• **DATA RECORDS**:
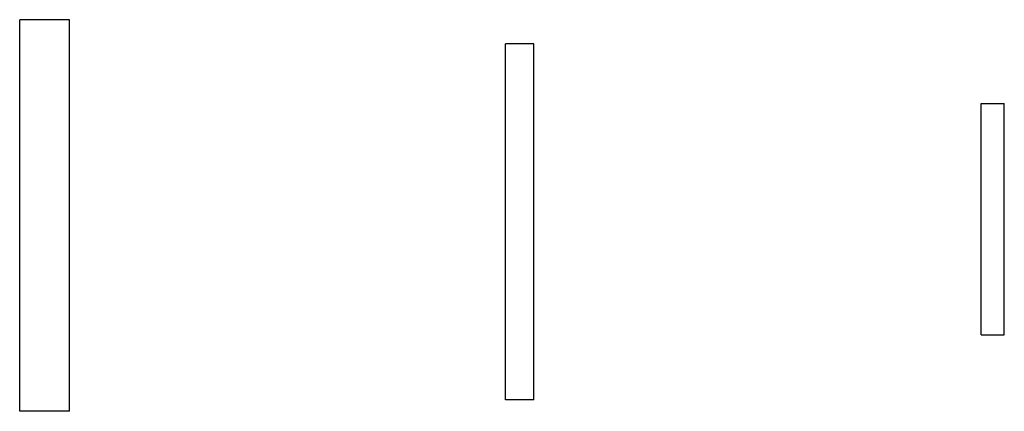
# Model space of a CAD drawing. Extents: x 151.8 to 179.5, y 72.6 to 83.6.
import ezdxf

# ---------------------------------------------------------------- set-up
doc = ezdxf.new("R2010")
doc.units = 0
doc.header["$PDSIZE"] = -1
doc.layers.get('0').update_dxf_attribs({"linetype": 'CONTINUOUS'})
doc.layers.get('DEFPOINTS').update_dxf_attribs({"linetype": 'CONTINUOUS'})

msp = doc.modelspace()

# ---------------------------------------------------------------- linework, layer by layer
at = {"color": 255, "linetype": 'CONTINUOUS'}
for p, q in [((151.828, 72.613), (151.828, 83.613)), ((153.228, 83.613), (151.828, 83.613)), ((153.228, 72.613), (153.228, 83.613)), ((165.49, 72.937), (165.49, 82.937)), ((166.29, 82.937), (165.49, 82.937)), ((166.29, 72.937), (166.29, 82.937)), ((178.865, 74.757), (178.865, 81.257)), ((178.865, 81.257), (179.515, 81.257)), ((179.515, 74.757), (179.515, 81.257)), ((178.865, 74.757), (179.515, 74.757)), ((166.29, 72.937), (165.49, 72.937)), ((153.228, 72.613), (151.828, 72.613))]:
    msp.add_line(p, q, dxfattribs=at)
at = {"layer": 'DEFPOINTS', "color": 255}
for p in [(151.828, 78.113), (153.228, 78.113), (165.49, 77.937), (166.29, 77.937), (178.865, 78.007), (179.515, 78.007)]:
    msp.add_point(p, dxfattribs=at)

doc.saveas('drawing.dxf')

• **WHAT THE EXERCISE ASKS**: Above are the records; give them all again exactly, apart from the pictures.

• **SOLUTION TO THIS PROBLEM**:
# Model space of a CAD drawing. Extents: x 151.8 to 179.5, y 72.6 to 83.6.
import ezdxf

# ---------------------------------------------------------------- set-up
doc = ezdxf.new("R2010")
doc.units = 0
doc.header["$PDSIZE"] = -1
doc.layers.get('0').update_dxf_attribs({"linetype": 'CONTINUOUS'})
doc.layers.get('DEFPOINTS').update_dxf_attribs({"linetype": 'CONTINUOUS'})

msp = doc.modelspace()

# ---------------------------------------------------------------- linework, layer by layer
at = {"color": 255, "linetype": 'CONTINUOUS'}
for p, q in [((151.828, 72.613), (151.828, 83.613)), ((153.228, 83.613), (151.828, 83.613)), ((153.228, 72.613), (153.228, 83.613)), ((165.49, 72.937), (165.49, 82.937)), ((166.29, 82.937), (165.49, 82.937)), ((166.29, 72.937), (166.29, 82.937)), ((178.865, 74.757), (178.865, 81.257)), ((178.865, 81.257), (179.515, 81.257)), ((179.515, 74.757), (179.515, 81.257)), ((178.865, 74.757), (179.515, 74.757)), ((166.29, 72.937), (165.49, 72.937)), ((153.228, 72.613), (151.828, 72.613))]:
    msp.add_line(p, q, dxfattribs=at)
at = {"layer": 'DEFPOINTS', "color": 255}
for p in [(151.828, 78.113), (153.228, 78.113), (165.49, 77.937), (166.29, 77.937), (178.865, 78.007), (179.515, 78.007)]:
    msp.add_point(p, dxfattribs=at)

doc.saveas('drawing.dxf')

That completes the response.